====== Records supplied

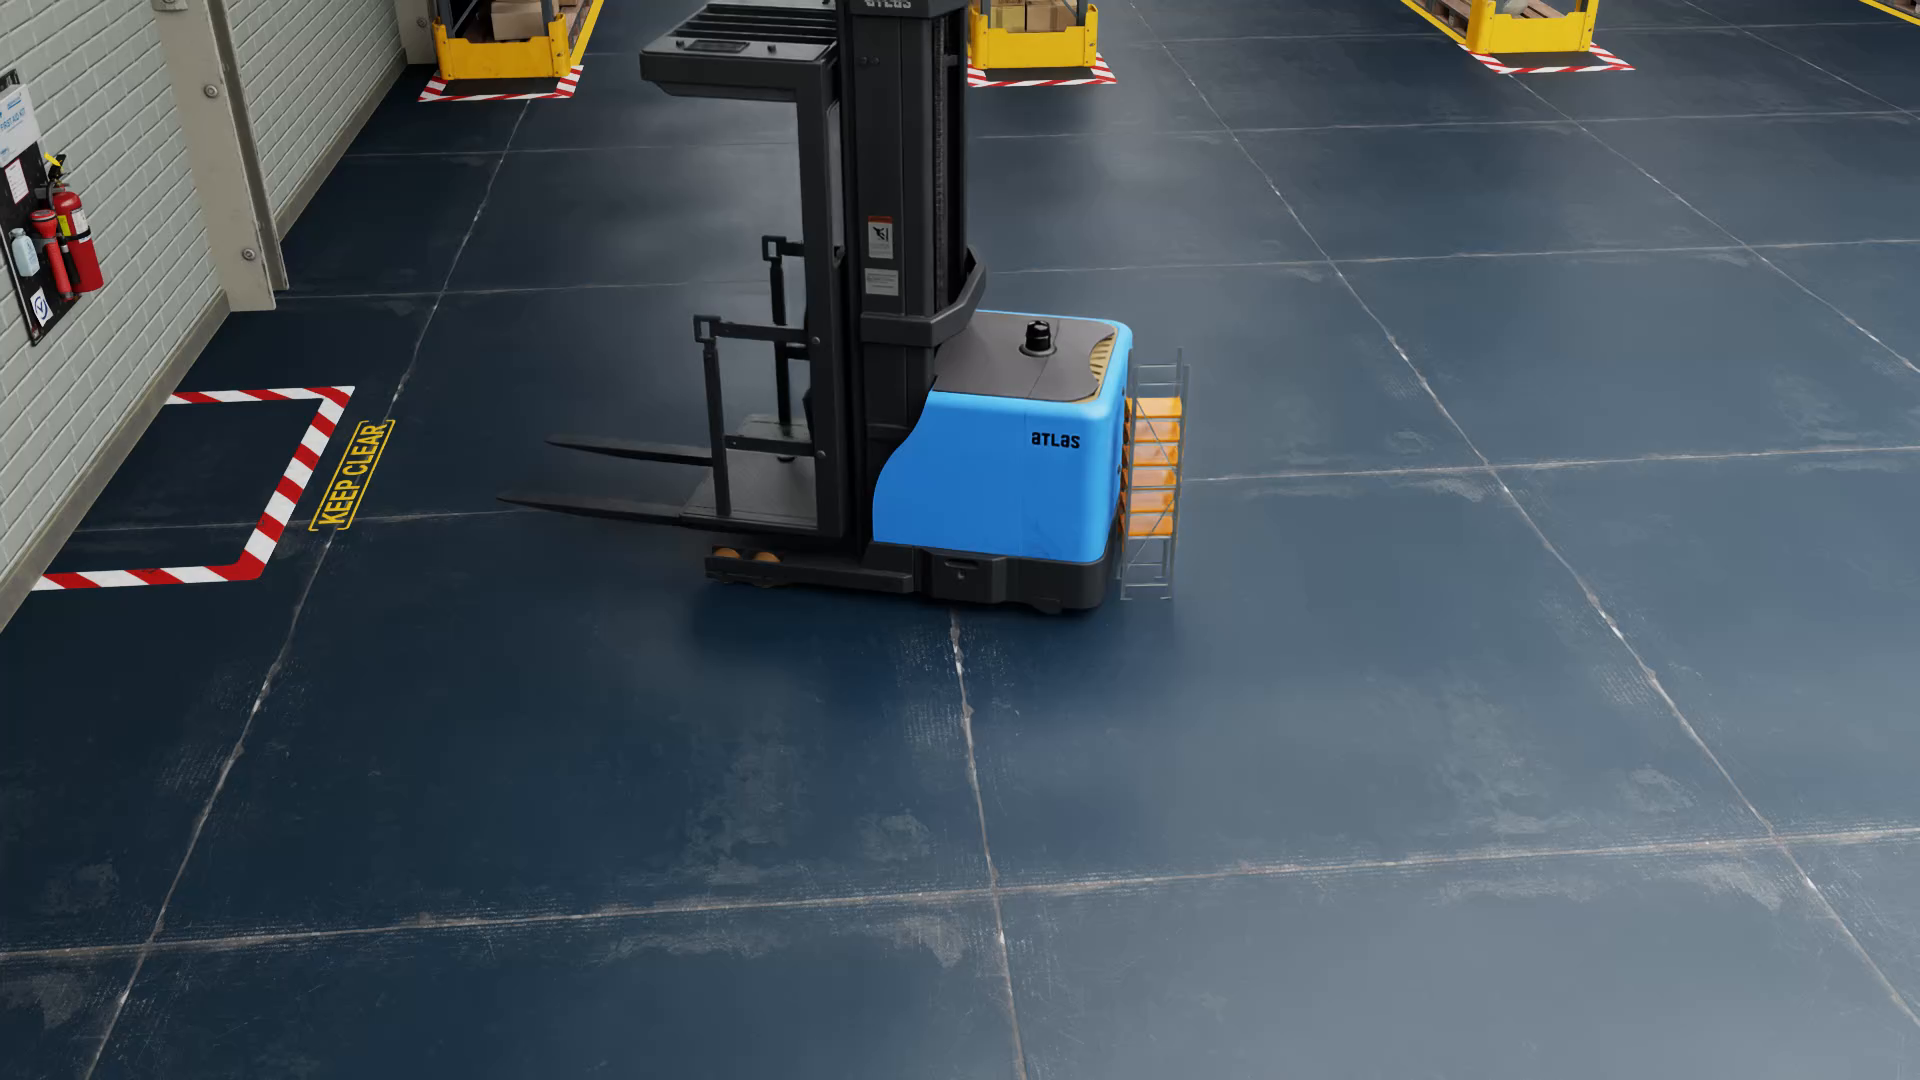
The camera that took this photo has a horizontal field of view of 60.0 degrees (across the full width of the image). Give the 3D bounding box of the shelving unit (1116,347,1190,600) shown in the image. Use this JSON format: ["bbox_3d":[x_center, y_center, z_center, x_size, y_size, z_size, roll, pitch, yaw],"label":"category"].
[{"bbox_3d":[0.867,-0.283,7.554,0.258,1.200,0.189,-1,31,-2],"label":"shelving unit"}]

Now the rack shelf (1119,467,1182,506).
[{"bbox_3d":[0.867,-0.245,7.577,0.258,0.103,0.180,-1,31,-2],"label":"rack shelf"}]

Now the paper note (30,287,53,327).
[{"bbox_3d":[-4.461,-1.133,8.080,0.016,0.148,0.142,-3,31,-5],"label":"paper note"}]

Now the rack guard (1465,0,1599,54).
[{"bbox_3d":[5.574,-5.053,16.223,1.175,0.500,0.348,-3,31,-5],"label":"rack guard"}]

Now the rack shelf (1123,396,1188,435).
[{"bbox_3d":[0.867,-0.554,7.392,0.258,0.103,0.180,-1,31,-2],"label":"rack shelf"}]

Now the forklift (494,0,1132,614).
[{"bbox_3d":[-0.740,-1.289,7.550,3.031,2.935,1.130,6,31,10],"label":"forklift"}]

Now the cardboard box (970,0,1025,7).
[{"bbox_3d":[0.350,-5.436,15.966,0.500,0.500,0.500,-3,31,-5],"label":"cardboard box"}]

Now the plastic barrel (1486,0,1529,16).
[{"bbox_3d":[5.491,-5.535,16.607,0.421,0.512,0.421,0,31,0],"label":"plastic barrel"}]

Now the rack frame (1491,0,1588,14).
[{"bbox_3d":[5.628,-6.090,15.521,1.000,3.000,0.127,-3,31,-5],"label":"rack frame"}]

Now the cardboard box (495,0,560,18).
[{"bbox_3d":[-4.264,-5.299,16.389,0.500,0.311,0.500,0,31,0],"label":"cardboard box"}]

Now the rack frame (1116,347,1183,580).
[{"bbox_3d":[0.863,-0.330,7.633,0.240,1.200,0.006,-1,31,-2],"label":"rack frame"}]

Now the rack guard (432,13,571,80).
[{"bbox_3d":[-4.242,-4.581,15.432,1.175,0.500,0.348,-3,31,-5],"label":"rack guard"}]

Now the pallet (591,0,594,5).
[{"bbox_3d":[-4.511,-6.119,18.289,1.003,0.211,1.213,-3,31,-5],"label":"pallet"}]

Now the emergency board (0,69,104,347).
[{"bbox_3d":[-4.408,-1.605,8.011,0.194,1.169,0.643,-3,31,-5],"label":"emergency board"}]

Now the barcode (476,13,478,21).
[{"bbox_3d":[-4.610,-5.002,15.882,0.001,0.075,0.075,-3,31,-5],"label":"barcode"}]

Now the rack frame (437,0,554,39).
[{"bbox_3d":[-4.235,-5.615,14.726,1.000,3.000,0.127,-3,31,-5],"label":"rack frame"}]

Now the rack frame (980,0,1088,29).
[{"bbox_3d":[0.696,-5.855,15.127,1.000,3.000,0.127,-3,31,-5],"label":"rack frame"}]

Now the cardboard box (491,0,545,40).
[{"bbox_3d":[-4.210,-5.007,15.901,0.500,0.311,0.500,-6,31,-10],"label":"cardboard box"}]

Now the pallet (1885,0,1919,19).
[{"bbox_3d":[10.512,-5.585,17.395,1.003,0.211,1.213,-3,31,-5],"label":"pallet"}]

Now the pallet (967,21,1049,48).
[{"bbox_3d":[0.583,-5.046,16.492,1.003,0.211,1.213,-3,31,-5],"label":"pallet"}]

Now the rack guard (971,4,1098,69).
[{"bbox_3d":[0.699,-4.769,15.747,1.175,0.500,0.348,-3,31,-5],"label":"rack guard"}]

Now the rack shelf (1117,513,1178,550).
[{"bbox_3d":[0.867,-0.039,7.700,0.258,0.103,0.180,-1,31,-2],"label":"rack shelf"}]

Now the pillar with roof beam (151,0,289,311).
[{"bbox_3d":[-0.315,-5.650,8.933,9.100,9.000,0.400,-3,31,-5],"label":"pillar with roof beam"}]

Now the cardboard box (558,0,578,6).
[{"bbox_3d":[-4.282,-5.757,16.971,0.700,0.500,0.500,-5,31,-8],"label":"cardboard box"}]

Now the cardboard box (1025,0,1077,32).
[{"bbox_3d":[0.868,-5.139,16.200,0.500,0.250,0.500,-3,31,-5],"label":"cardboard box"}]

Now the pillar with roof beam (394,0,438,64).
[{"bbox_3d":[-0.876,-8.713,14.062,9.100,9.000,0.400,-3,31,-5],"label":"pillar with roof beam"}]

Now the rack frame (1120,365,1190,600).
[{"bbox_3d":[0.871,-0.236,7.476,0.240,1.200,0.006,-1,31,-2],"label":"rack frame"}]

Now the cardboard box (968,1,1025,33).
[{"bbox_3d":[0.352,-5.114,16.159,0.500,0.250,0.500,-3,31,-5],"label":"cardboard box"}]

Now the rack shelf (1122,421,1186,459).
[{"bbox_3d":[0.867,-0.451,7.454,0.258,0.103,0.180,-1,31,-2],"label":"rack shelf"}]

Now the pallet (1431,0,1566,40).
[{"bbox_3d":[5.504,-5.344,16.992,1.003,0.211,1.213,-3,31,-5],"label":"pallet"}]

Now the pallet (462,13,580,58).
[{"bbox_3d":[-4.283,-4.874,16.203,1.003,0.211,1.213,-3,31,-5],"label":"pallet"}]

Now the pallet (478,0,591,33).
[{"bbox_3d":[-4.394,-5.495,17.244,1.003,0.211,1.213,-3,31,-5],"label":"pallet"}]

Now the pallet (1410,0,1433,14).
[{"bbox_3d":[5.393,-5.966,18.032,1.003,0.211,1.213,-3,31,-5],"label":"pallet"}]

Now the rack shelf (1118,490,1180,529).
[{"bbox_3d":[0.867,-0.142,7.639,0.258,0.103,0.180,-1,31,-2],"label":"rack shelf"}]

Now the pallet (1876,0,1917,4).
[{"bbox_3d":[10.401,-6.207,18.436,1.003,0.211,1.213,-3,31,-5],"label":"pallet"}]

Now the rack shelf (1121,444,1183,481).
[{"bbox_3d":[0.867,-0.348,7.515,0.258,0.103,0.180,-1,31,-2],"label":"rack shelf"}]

============
====== Records supplied

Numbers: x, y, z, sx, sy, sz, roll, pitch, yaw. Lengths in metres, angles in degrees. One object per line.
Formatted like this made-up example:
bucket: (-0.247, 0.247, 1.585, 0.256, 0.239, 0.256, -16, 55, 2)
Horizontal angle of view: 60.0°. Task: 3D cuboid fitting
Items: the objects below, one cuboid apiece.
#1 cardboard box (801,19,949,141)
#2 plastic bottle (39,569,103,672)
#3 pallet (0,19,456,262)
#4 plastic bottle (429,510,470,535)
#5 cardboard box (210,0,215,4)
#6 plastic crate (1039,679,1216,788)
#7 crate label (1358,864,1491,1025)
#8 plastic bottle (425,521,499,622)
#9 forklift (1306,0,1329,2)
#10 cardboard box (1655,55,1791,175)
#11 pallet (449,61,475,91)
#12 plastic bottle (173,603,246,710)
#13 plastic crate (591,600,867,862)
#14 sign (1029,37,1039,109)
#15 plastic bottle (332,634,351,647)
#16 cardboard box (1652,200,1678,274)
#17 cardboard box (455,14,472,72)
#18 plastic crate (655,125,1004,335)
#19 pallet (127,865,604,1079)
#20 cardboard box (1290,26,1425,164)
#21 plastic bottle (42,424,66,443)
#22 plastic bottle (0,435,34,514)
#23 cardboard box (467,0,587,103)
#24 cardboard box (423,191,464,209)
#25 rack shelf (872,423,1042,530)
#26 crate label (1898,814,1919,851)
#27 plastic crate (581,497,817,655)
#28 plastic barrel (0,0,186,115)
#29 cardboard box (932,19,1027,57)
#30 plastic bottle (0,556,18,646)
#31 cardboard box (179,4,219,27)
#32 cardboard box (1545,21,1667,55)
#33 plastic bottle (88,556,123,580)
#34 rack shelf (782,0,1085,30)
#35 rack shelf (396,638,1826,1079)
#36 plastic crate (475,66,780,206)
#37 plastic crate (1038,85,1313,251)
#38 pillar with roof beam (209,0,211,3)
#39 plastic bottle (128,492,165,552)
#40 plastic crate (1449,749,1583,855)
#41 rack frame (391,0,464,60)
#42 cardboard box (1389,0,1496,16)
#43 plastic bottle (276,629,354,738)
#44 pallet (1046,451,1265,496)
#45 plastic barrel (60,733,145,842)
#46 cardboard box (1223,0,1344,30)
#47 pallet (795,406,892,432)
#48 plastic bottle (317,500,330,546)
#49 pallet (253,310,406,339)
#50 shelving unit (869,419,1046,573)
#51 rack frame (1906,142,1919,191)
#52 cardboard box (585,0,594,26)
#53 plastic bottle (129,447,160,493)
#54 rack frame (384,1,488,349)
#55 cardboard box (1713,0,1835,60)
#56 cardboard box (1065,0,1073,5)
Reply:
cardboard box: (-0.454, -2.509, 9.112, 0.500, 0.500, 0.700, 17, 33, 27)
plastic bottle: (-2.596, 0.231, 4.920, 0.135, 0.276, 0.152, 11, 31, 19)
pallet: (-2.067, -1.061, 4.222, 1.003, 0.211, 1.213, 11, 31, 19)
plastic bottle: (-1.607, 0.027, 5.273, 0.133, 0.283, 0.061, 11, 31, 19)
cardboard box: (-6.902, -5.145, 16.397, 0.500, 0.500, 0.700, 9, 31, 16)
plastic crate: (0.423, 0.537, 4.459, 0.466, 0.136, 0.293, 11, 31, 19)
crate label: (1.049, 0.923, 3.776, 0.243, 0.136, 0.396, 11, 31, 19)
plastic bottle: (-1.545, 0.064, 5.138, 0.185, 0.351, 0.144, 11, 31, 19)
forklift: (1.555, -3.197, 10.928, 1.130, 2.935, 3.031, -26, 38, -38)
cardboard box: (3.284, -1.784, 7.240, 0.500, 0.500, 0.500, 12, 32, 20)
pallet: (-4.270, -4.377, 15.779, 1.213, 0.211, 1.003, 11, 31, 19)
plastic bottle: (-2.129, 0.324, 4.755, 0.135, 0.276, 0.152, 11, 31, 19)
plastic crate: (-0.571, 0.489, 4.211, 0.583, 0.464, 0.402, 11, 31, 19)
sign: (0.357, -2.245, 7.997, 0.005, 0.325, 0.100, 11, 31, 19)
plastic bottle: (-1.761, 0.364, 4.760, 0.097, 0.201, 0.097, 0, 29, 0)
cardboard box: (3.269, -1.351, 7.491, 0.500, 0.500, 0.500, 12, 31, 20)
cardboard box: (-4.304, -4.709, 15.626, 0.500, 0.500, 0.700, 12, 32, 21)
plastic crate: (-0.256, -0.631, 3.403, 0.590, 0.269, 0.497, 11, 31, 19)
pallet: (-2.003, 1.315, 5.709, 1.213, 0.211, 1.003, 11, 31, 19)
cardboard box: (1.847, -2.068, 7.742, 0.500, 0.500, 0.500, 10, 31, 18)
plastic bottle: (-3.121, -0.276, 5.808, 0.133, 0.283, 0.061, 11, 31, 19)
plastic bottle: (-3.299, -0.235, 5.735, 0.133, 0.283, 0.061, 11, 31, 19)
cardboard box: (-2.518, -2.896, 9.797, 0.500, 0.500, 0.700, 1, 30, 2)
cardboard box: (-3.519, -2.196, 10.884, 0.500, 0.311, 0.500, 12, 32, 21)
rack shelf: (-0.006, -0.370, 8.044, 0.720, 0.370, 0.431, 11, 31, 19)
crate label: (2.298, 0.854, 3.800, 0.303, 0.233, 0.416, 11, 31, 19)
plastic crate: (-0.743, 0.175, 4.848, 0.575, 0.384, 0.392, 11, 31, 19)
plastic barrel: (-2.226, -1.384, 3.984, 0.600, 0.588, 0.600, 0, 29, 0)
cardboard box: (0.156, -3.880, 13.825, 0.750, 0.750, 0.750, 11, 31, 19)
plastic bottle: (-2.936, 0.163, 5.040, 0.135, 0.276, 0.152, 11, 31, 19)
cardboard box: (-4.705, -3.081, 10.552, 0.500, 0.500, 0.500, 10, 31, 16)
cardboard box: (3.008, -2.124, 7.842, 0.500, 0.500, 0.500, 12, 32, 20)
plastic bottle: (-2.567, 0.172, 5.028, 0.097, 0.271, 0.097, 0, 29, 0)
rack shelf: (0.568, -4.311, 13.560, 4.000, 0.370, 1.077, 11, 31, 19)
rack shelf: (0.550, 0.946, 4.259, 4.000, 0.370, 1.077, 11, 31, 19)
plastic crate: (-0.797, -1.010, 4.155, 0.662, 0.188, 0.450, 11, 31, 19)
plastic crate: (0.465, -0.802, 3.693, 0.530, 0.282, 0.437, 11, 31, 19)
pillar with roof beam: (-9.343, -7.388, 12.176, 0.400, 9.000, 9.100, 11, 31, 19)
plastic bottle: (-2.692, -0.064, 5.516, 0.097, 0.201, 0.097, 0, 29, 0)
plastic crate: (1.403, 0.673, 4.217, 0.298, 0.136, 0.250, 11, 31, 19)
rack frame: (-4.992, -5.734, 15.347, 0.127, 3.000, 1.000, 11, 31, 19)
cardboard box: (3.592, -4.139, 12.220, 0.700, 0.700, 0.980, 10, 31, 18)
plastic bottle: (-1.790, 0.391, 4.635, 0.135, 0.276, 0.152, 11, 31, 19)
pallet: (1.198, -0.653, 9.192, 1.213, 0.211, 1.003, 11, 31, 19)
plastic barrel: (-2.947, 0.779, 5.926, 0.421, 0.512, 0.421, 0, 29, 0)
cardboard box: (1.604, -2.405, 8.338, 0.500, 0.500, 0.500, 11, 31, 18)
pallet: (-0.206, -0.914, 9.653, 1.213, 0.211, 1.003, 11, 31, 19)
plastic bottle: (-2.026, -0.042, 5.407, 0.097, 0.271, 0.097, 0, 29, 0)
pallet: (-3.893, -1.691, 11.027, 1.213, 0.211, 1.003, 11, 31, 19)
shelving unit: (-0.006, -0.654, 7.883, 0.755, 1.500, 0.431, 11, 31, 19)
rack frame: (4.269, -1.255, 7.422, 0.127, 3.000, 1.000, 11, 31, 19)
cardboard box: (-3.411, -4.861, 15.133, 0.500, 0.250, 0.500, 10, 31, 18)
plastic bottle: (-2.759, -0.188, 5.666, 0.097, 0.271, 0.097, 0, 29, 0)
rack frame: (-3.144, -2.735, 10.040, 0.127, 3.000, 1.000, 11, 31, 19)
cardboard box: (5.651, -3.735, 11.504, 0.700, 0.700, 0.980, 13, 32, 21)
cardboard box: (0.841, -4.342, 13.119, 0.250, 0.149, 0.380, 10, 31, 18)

============

:: Description of the task ::
Filter the preceding entries down to the lines with "cuboid".

:: Answer space ::
Horizontal angle of view: 60.0°. Task: 3D cuboid fitting
Items: the objects below, one cuboid apiece.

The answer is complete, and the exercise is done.